RDLRDLEcosystem
News

Choosing a License for Your Research Data: CC BY, CC0, and Beyond

Without a license, your dataset is legally ambiguous and hard to reuse. This guide compares CC BY, CC0, and other Creative Commons options so you can pick the right one for open research data.

Why an unlicensed dataset is a problem

When you publish data without an explicit license, potential reusers face a legal grey zone: they cannot be sure what they are allowed to do with it, so many will not risk using it at all. A clear license is what turns "available" data into genuinely reusable data — and it is a core part of making data FAIR. The most widely used licenses for research come from Creative Commons (CC).

The two most relevant options for data

CC0 — public domain dedication

CC0 waives as many rights as legally possible, effectively placing the work in the public domain. Reusers can copy, adapt, and build on the data — even commercially — with no obligation to ask or attribute. For datasets, CC0 is widely recommended, and repositories such as ETH Zurich explicitly advocate CC0 or a public-domain dedication for research data. It removes friction and maximises reuse.

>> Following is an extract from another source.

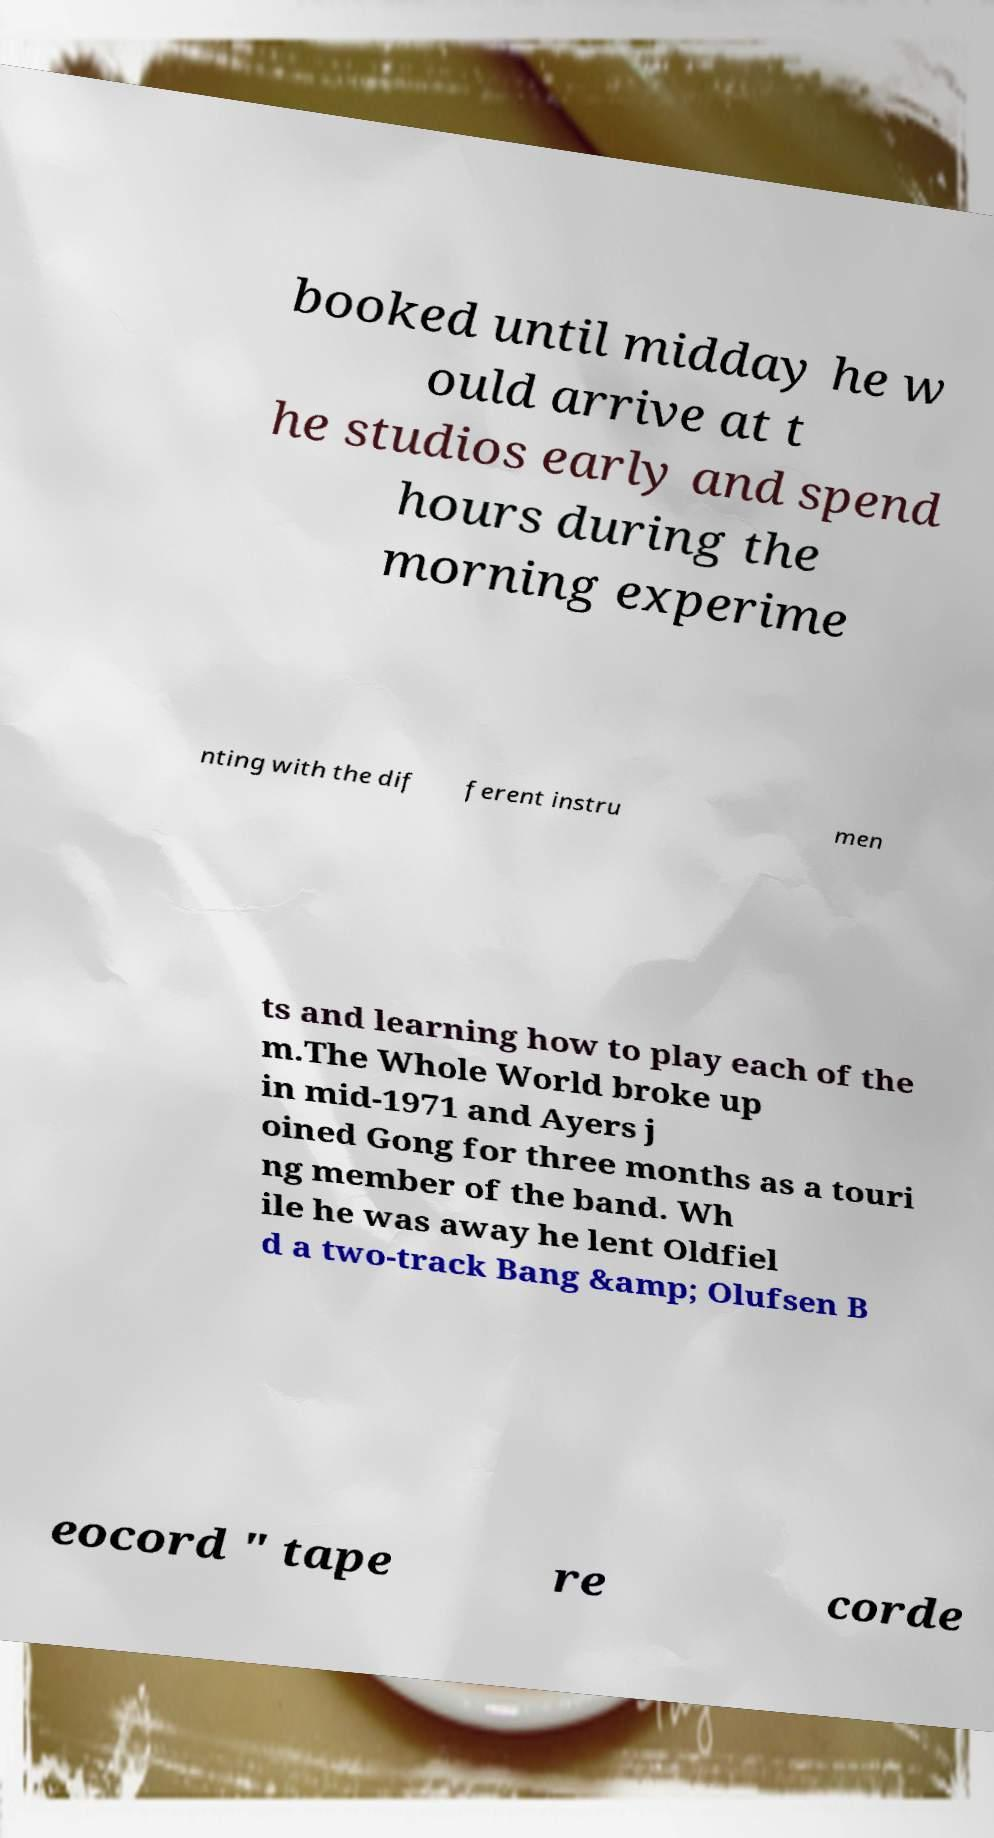Could you assist in decoding the text presented in this image and type it out clearly? booked until midday he w ould arrive at t he studios early and spend hours during the morning experime nting with the dif ferent instru men ts and learning how to play each of the m.The Whole World broke up in mid-1971 and Ayers j oined Gong for three months as a touri ng member of the band. Wh ile he was away he lent Oldfiel d a two-track Bang &amp; Olufsen B eocord " tape re corde

CC BY — attribution required

CC BY allows all the same uses, including commercial, but reusers must credit you. It is a natural choice when attribution matters to you, though for large aggregated datasets, attribution stacking can become impractical — which is part of why CC0 is often preferred for pure data.

Other CC variants

Creative Commons also offers NC (non-commercial), ND (no derivatives), and SA (share-alike) add-ons. These add restrictions and, while sometimes appropriate, they reduce how freely data can be combined — so use them deliberately, not by default.

Two practical rules

1. Prefer version 4.0. For new work, choose CC licenses version 4.0. It is international and better aligned with database rights, which is exactly what datasets need. 2. Decide carefully — it is durable. Once you apply a CC license, it lasts for the life of the copyright and cannot be arbitrarily revoked. That permanence is a feature (reusers can rely on it) but it means the choice deserves a moment's thought.

The bottom line

For most open research data, CC0 maximises reuse, and CC BY 4.0 is the go-to when you want credit. Whatever you choose, choose something — an explicit license is the difference between data that sits unused and data that travels.